The study, titled “Turning point for US diets? Recessionary effects or behavioral shifts in foods purchased and consumed” was posted at the online site of The American Journal of Clinical Nutrition.

“We found U.S. consumers changed their eating and food purchasing habits significantly beginning in 2003, when the economy was robust, and continued these habits to the present,” said Shu Wen Ng, assistant professor of nutrition at UNC’s Gillings School of Global Public Health and the study’s first author.

“These changes in food habits persist independent of economic conditions linked with the Great Recession or food prices,” Ng said. “The calorie consumption was declining at a rate of about 34 calories less per year among children aged 2-18 between 2003 and 2010 (vs. only 14 kcal/day among adults decline per year). The declines in food purchases after adjusting for all the economic changes was also at a rate of 34 kcal/capita per year among households with children between 2000 and 2011.”

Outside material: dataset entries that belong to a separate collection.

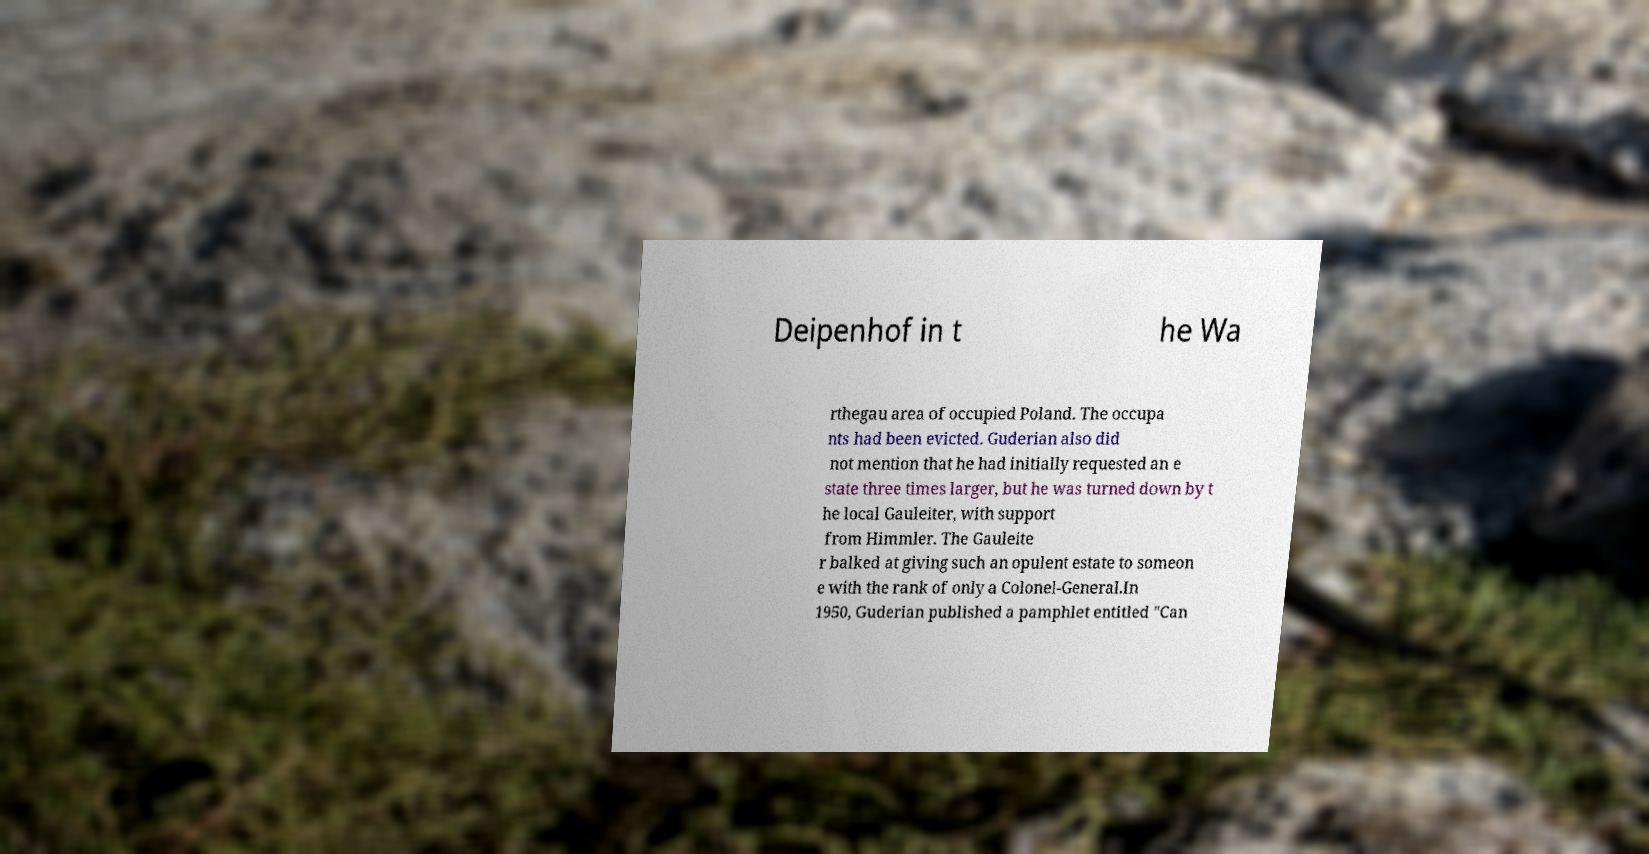Could you assist in decoding the text presented in this image and type it out clearly? Deipenhof in t he Wa rthegau area of occupied Poland. The occupa nts had been evicted. Guderian also did not mention that he had initially requested an e state three times larger, but he was turned down by t he local Gauleiter, with support from Himmler. The Gauleite r balked at giving such an opulent estate to someon e with the rank of only a Colonel-General.In 1950, Guderian published a pamphlet entitled "Can 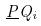Convert formula to latex. <formula><loc_0><loc_0><loc_500><loc_500>\underline { P } Q _ { i }</formula> 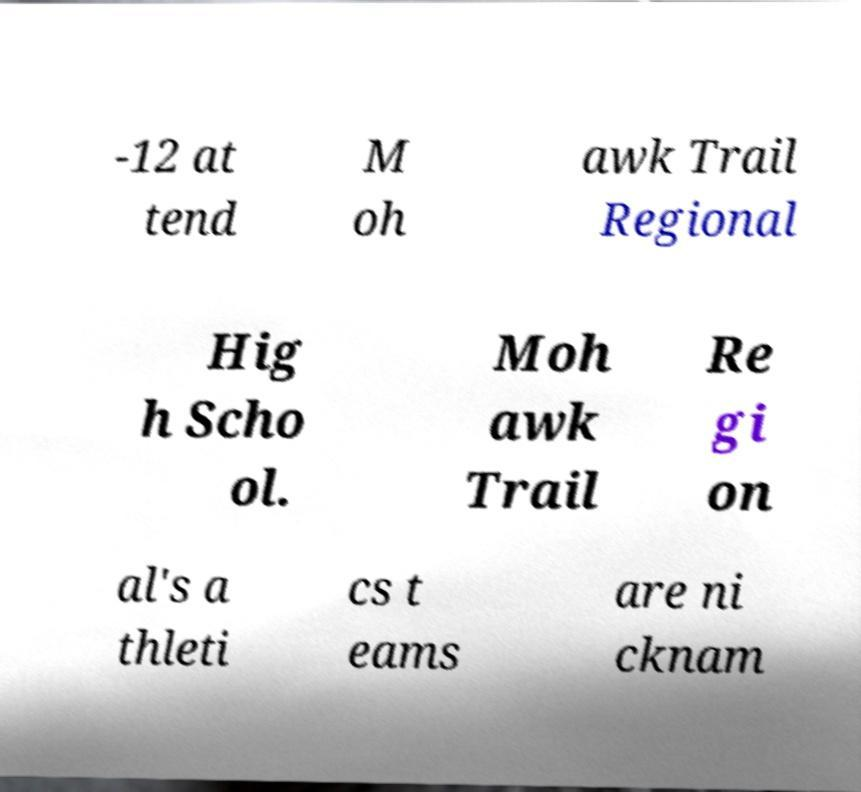There's text embedded in this image that I need extracted. Can you transcribe it verbatim? -12 at tend M oh awk Trail Regional Hig h Scho ol. Moh awk Trail Re gi on al's a thleti cs t eams are ni cknam

Ng adds that this dramatic turn in dietary behavior is more likely the outcome of sustained and persistent public health efforts aimed at raising awareness about the importance of healthy eating, providing better information about food choices, and discouraging unhealthy dietary choices.

While noted that the specific contributors for these changes in behavior are not quantifiable, he suggested greater attention by the public and journalists to obesity overall, particularly to soft drinks and other high-calorie sugary beverages; and the changes made by food companies or retailers may have produced significant rises in the awareness among consumers about the role of food.

In order to take back control of your health and to have healthy vibrant children like previous generations, adults have to lead the way, not the idea of what ever keeps little Johnny happy. I couldn’t leave the dinner table without having first eaten my nasty vegetables, neither could my husband, and candy and soda pop was a special treat not an everyday food item. I expect that was much the same story for everyone living in rural areas during the 50’s, 60’s and early 70’s. Maybe that is why even today rural areas have some of the lowest rates of obesity over inner city’s.

It’s not time for a diet, it’s time for real food’s grown by real farmers.